# 10 lbs in a 5 lb bag



## rjmoses (Apr 4, 2010)

When I a kid putting up hay for family and neighbors, I was always the one who was stacking bales on the wagon or up in the hay loft. In the process, I somehow learned how to get the most stuff into the smallest space!

Yesterday, I rearranged my machine shed to accommodate that new TS110. I now have in a 50x60 shed:

TS 135 tractor w loader,
TS 110 tractor w loader
IH 966 tractor w loader
NH BR780 round baler,
NH 570 sq baler,
NH 7230 moco
4 basket tedder,
9' sickle mower
30' 3pt 200 gal sprayer
6' ripper
Various supplies like 240 gallon acid tote, oil, welding table, pallets, shelving, etc.
Good news--I don't think there's any room for mice or other varmints.

Ralph


----------



## Vol (Jul 5, 2009)

Ralph, could I get you to look at a few things for me?









Regards, Mike


----------



## NDVA HAYMAN (Nov 24, 2009)

And if you are coming to Tn., why not Va.? I just build more barns.


----------



## swmnhay (Jun 13, 2008)

_I told Karen I was gonna put the Jeep on top of the combine.That didn't go over so well._

_My new shed was supposed to be 12' longer but when i went to get building permit I found out I could not build within 20' of property line.Space was limited so I had to make it smaller.Own it but can't build on 20' of it even with OK of nieghbor.More Guberment rules,argggg.







_


----------



## rjmoses (Apr 4, 2010)

swmnhay said:


> _I told Karen I was gonna put the Jeep on top of the combine.That didn't go over so well._
> 
> _My new shed was supposed to be 12' longer but when i went to get building permit I found out I could not build within 20' of property line.Space was limited so I had to make it smaller.Own it but can't build on 20' of it even with OK of nieghbor.More Guberment rules,argggg.
> 
> ...


Better than the combine on top of the Jeep! When I built my arena, I was not aware that I had to be at least 60' from the road centerline. One of my neighbors built a bunkhouse 40' from the centerline and the county came down on him. He complained that he was being singled out, that I was less than 60'. County checked, 61'. Was I relieved!

Ralph


----------



## swmnhay (Jun 13, 2008)

rjmoses said:


> Better than the combine on top of the Jeep! When I built my arena, I was not aware that I had to be at least 60' from the road centerline. One of my neighbors built a bunkhouse 40' from the centerline and the county came down on him. He complained that he was being singled out, that I was less than 60'. County checked, 61'. Was I relieved!
> 
> Ralph


I think it is 100' from center line here on county highway.It is 66' on township gravel road.

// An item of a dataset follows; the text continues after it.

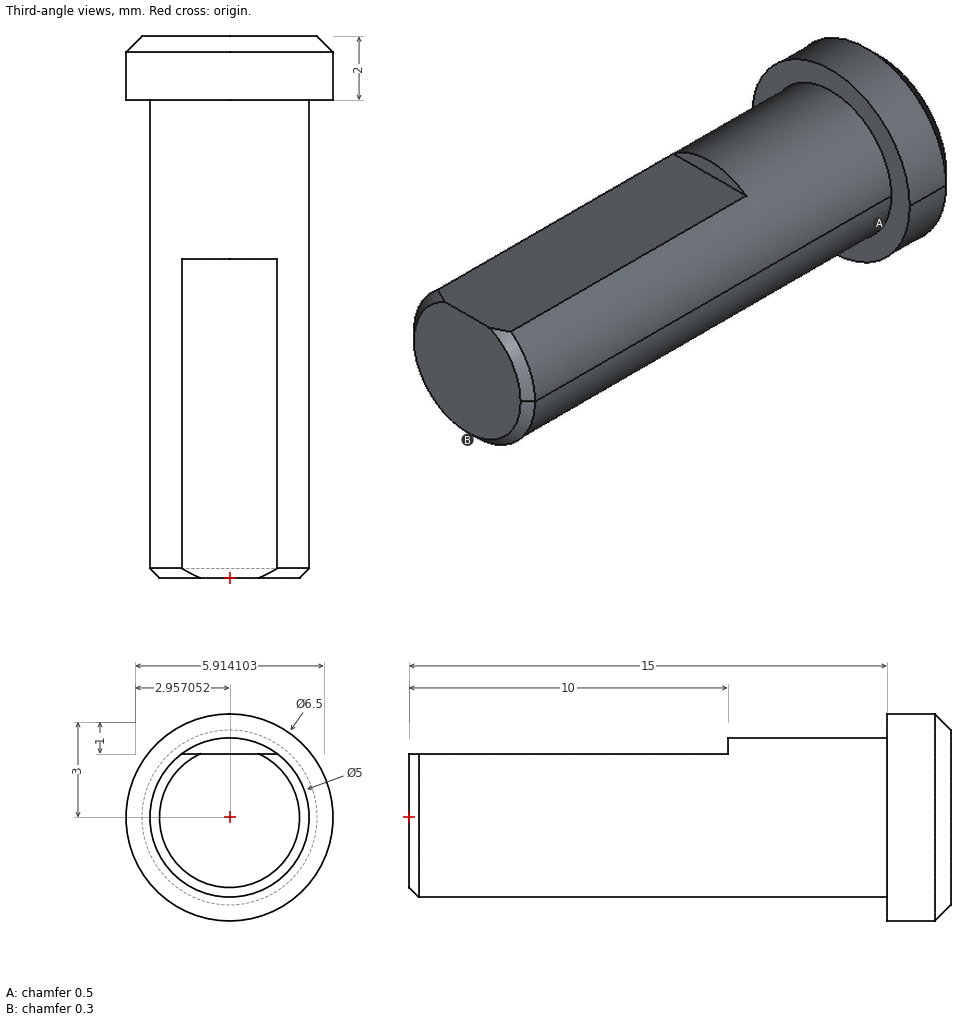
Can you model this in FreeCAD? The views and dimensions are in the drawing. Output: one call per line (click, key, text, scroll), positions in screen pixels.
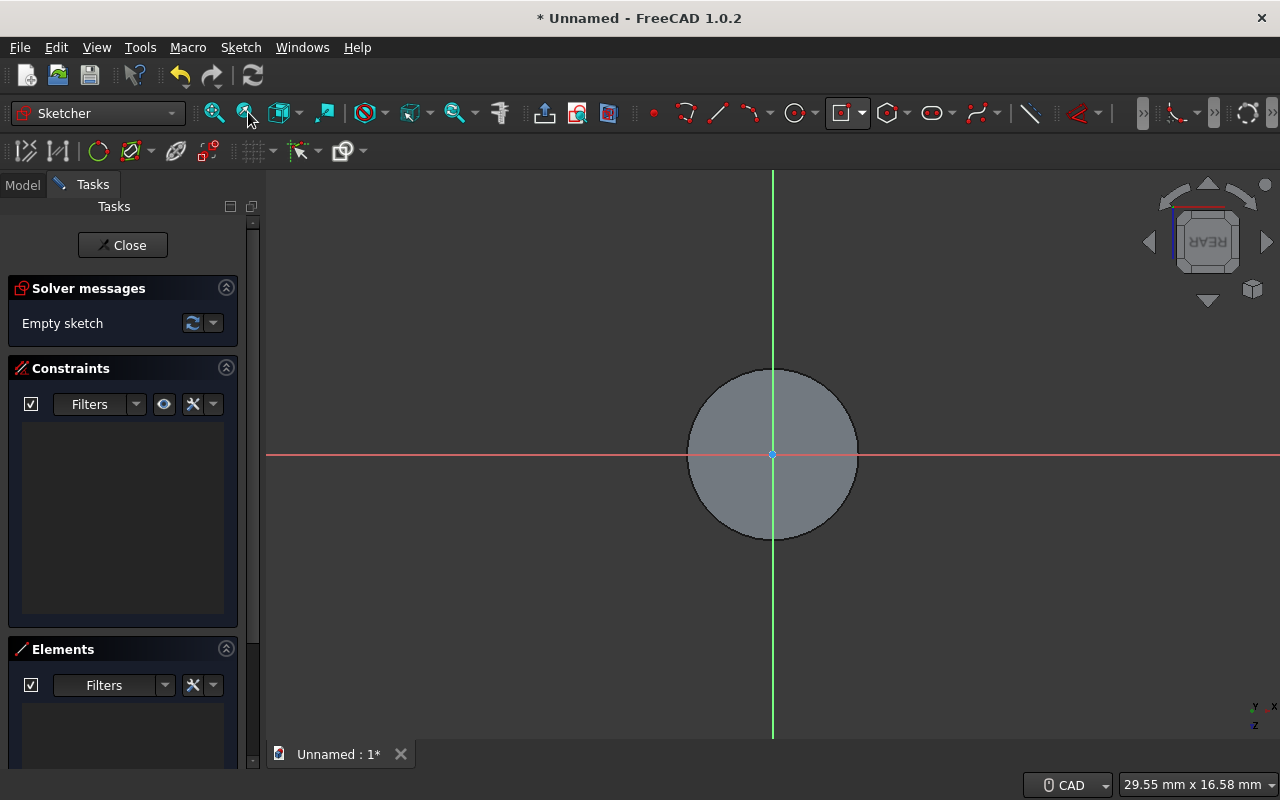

Yrs ago i worked for a farm store that built bins.We asked the farmer where to pour the pad and we put it in line with 3 other bins along the road.Got the cement poured and some county guy showed up and told him he couldn't build it there even tho there was 3 other bins already there.So we had to pour another pad away from road and build bin there.The pad is still there with a fuel tank sitting on it.I think that was 1977


----------



## rjmoses (Apr 4, 2010)

I'd be happy to teach anybody that's interested good packing techniques.

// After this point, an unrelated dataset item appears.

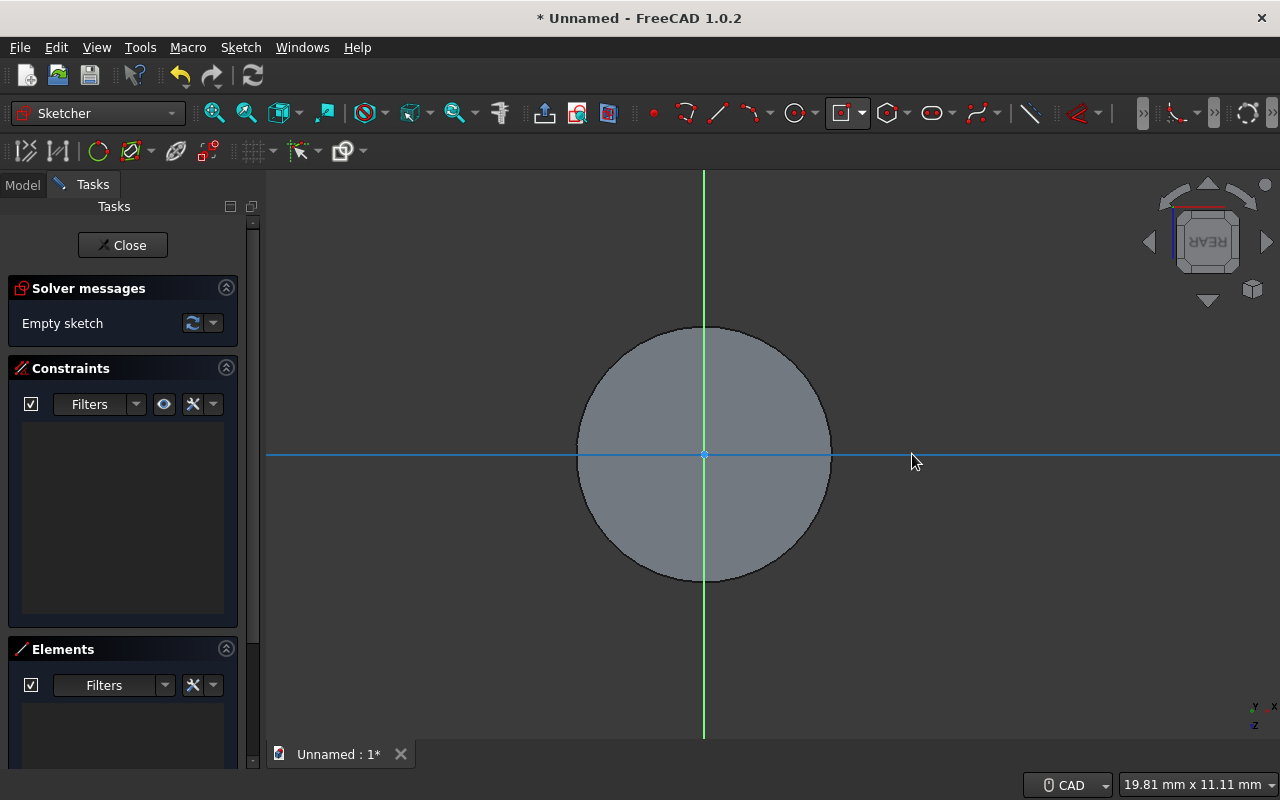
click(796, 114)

First task--fail geometry (twice)
Second task-- stack 10,000 square bales on a wagon, on hillsides, while moving while your uncle drives the tractor without looking back and is listening to the Cardinals game.
Third task--Stack the same 10,000 bales in a hayloft, 12-15 bales high, 90 degree weather.
Fourth task-Buy the beer.

I guarantee that you will become an expert in space utilization! Or double your beer money back.

Ralph


----------